Whereas the deliberative democracy approach to ethics seeks to bridge universalist reason and contextual judgment to explain the emergence of intersubjective agreements, it remains unclear how these two are reconciled in practice. We argue that a sensemaking approach is useful for examining how ethical truces emerge in equivocal situations. To understand how actors navigate through ethical complexity, we conducted an ethnographic inquiry into the multistakeholder practices of setting Fairtrade Minimum Prices. We offer three contributions. First, we develop a process model of ethics as sensemaking that explains how actors come to collectively agree on what is ethical in complex situations, even if no complete consensus arises.

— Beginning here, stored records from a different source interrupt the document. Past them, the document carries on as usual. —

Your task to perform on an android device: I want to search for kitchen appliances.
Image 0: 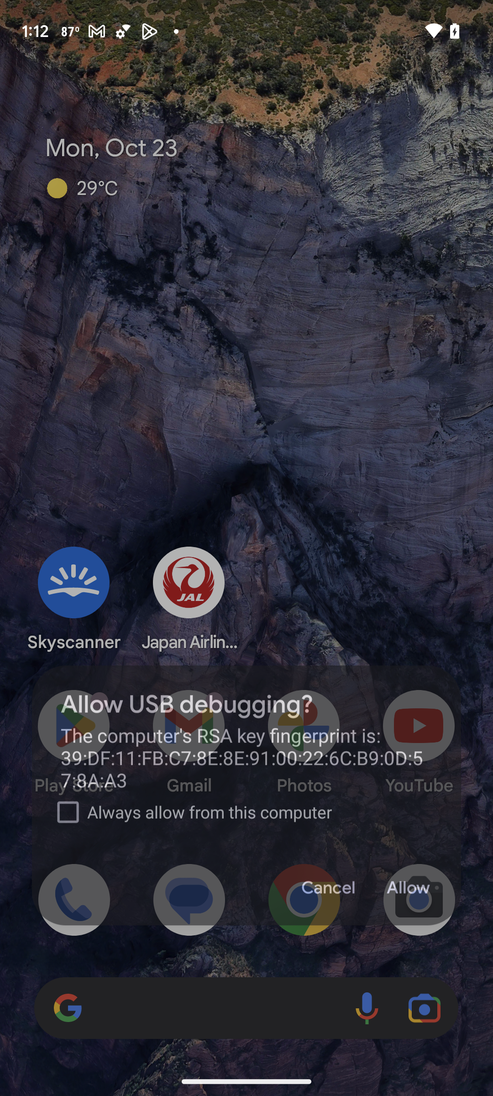
Open IKEA app.
Step 0: open app "IKEA"
Image 2: 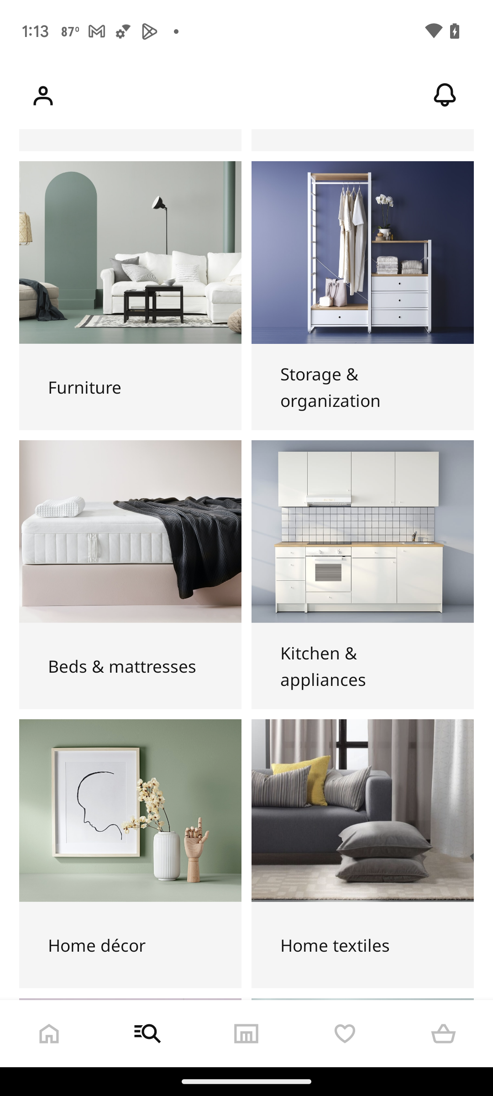
Click on Kitchen appliances.
Step 2: click (362, 531)
Image 3: 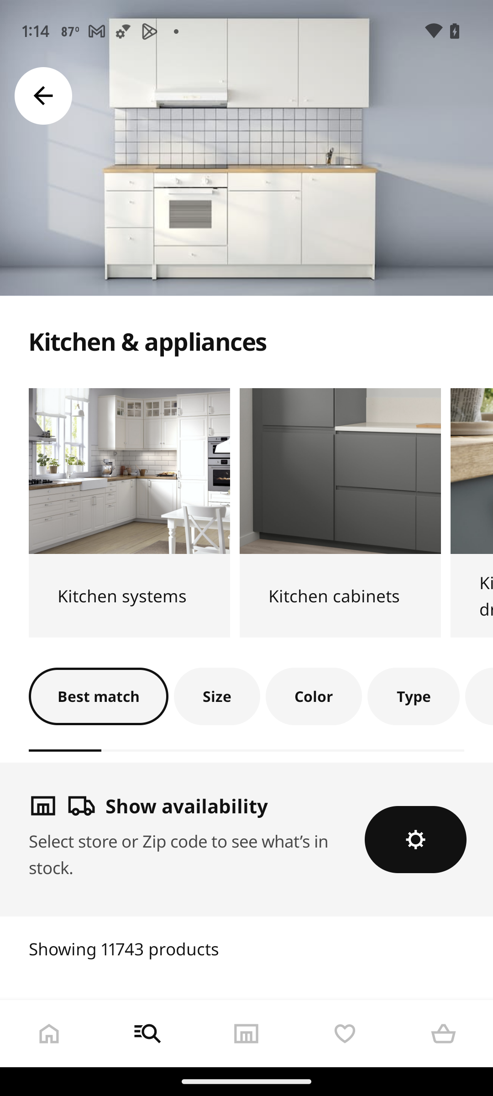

Second, our findings suggest that moral intuition and affect also motivate ethical judgment alongside moral reasoning. Third, an ethical sensemaking perspective explains some of the pitfalls actors confront in coping with ethical complexities in practice and how they attend to the challenges arising from stark inequalities in extreme contexts.

Suggested Citation

  • Juliane Reinecke & Shaz Ansari, 2015. "What Is a “Fair” Price? Ethics as Sensemaking," Organization Science, INFORMS, vol. 26(3), pages 867-888, June.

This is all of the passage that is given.